====== SUPPLIED INFORMATION

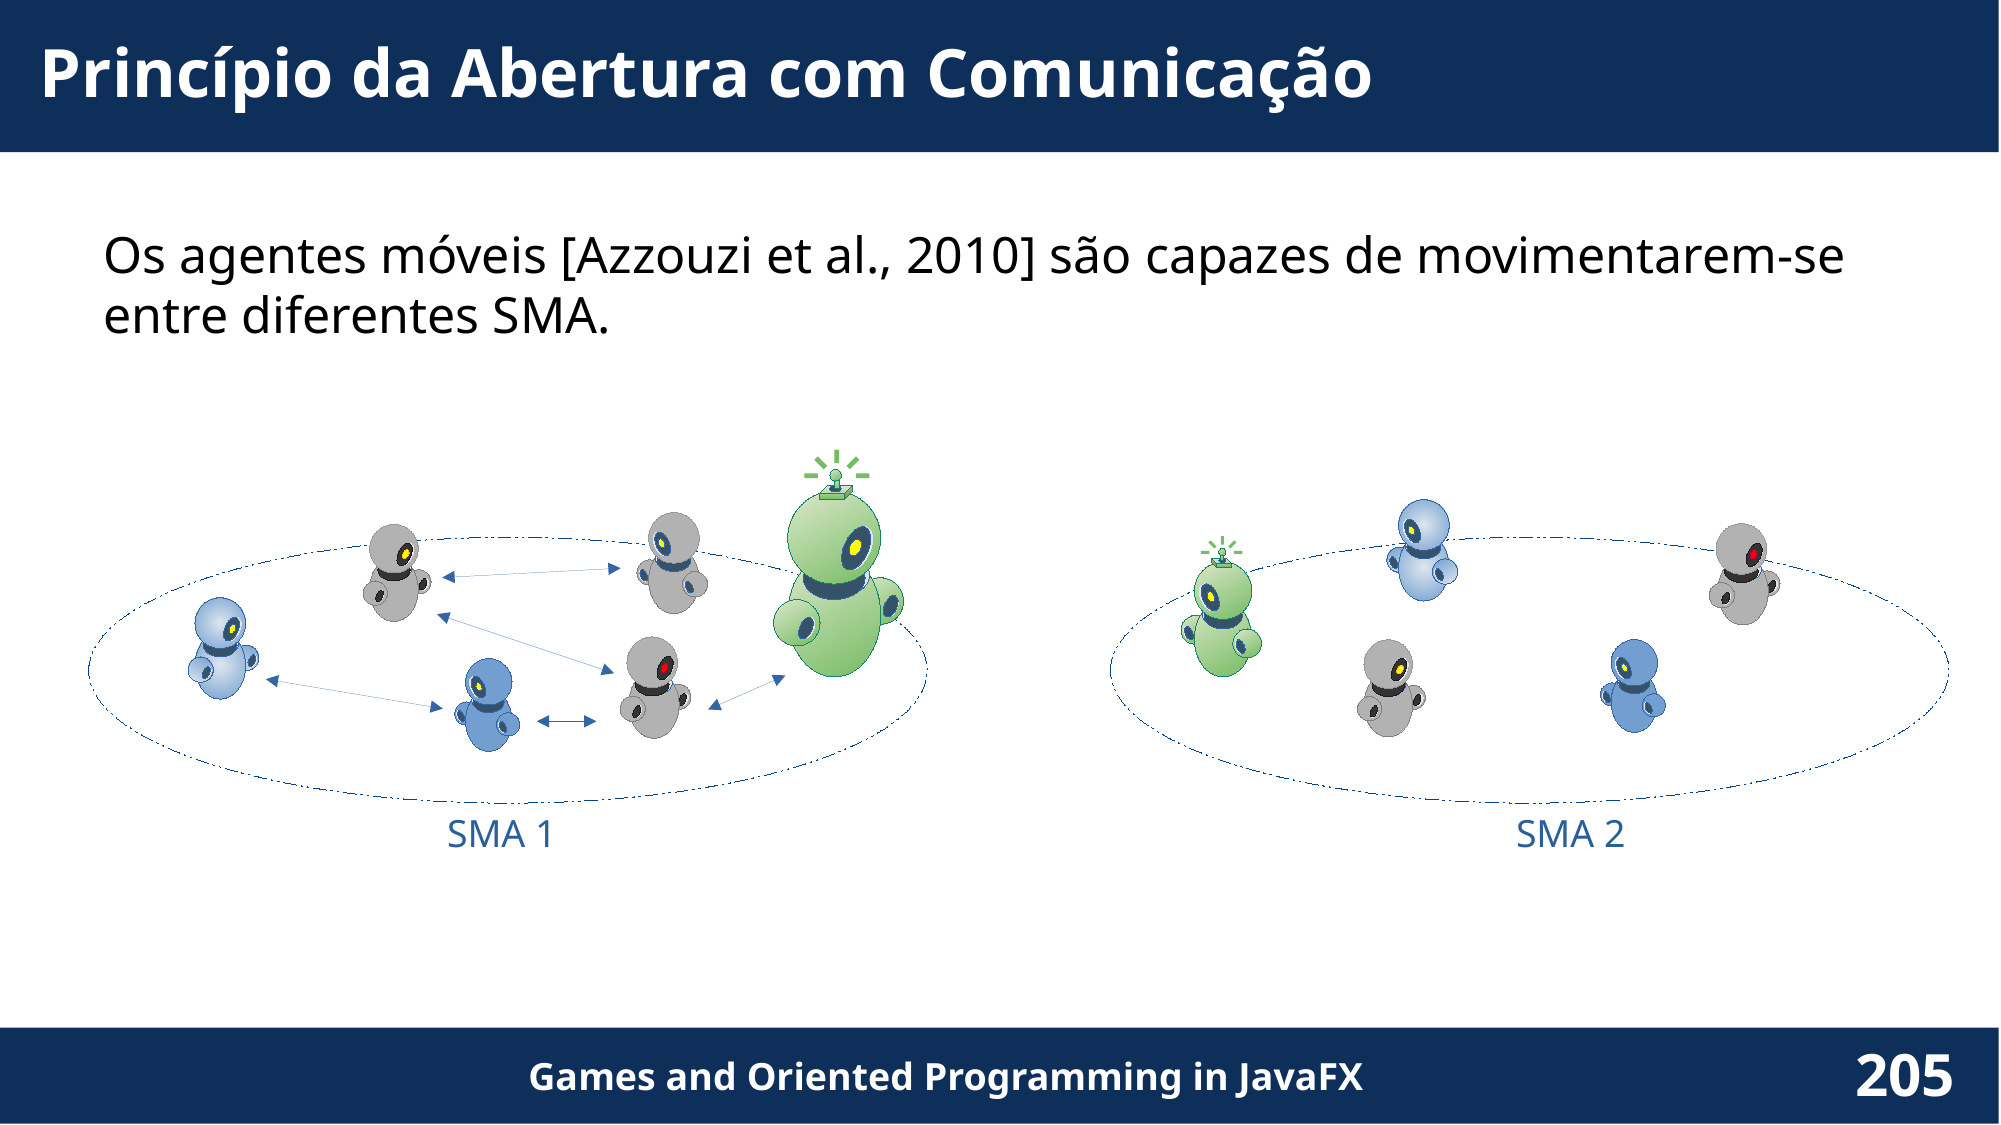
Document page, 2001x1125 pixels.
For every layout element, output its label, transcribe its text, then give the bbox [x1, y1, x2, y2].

text_box [1208, 540, 1217, 549]
text_box [454, 658, 520, 752]
text_box [1181, 559, 1262, 677]
text_box [814, 456, 828, 470]
text_box [188, 597, 259, 700]
text_box [1200, 550, 1210, 554]
text_box Os agentes móveis [Azzouzi et al., 2010] são capazes de movimentarem-se entre diferentes SMA. [88, 216, 1947, 352]
text_box [855, 473, 870, 479]
text_box [804, 473, 818, 479]
text_box [1357, 639, 1426, 737]
text_box [1600, 639, 1666, 733]
text_box [829, 469, 842, 492]
text_box [1218, 548, 1226, 563]
text_box [636, 512, 708, 614]
text_box [846, 456, 860, 470]
text_box Princípio da Abertura com Comunicação [25, 23, 1999, 119]
text_box [834, 449, 840, 464]
text_box [1709, 523, 1781, 625]
text_box SMA 1 [324, 803, 680, 863]
text_box [620, 636, 691, 739]
text_box [1228, 540, 1237, 549]
text_box SMA 2 [1393, 803, 1748, 863]
text_box [773, 486, 904, 677]
text_box [1386, 499, 1458, 602]
text_box [363, 524, 432, 622]

============

Output nothing except an exact copy of the records above, with the images left out.

Document page, 2001x1125 pixels.
For every layout element, output its label, transcribe its text, then give the bbox [x1, y1, x2, y2].

text_box [1208, 540, 1217, 549]
text_box [454, 658, 520, 752]
text_box [1181, 559, 1262, 677]
text_box [814, 456, 828, 470]
text_box [188, 597, 259, 700]
text_box [1200, 550, 1210, 554]
text_box Os agentes móveis [Azzouzi et al., 2010] são capazes de movimentarem-se entre diferentes SMA. [88, 216, 1947, 352]
text_box [855, 473, 870, 479]
text_box [804, 473, 818, 479]
text_box [1357, 639, 1426, 737]
text_box [1600, 639, 1666, 733]
text_box [829, 469, 842, 492]
text_box [1218, 548, 1226, 563]
text_box [636, 512, 708, 614]
text_box [846, 456, 860, 470]
text_box Princípio da Abertura com Comunicação [25, 23, 1999, 119]
text_box [834, 449, 840, 464]
text_box [1709, 523, 1781, 625]
text_box SMA 1 [324, 803, 680, 863]
text_box [620, 636, 691, 739]
text_box [1228, 540, 1237, 549]
text_box SMA 2 [1393, 803, 1748, 863]
text_box [773, 486, 904, 677]
text_box [1386, 499, 1458, 602]
text_box [363, 524, 432, 622]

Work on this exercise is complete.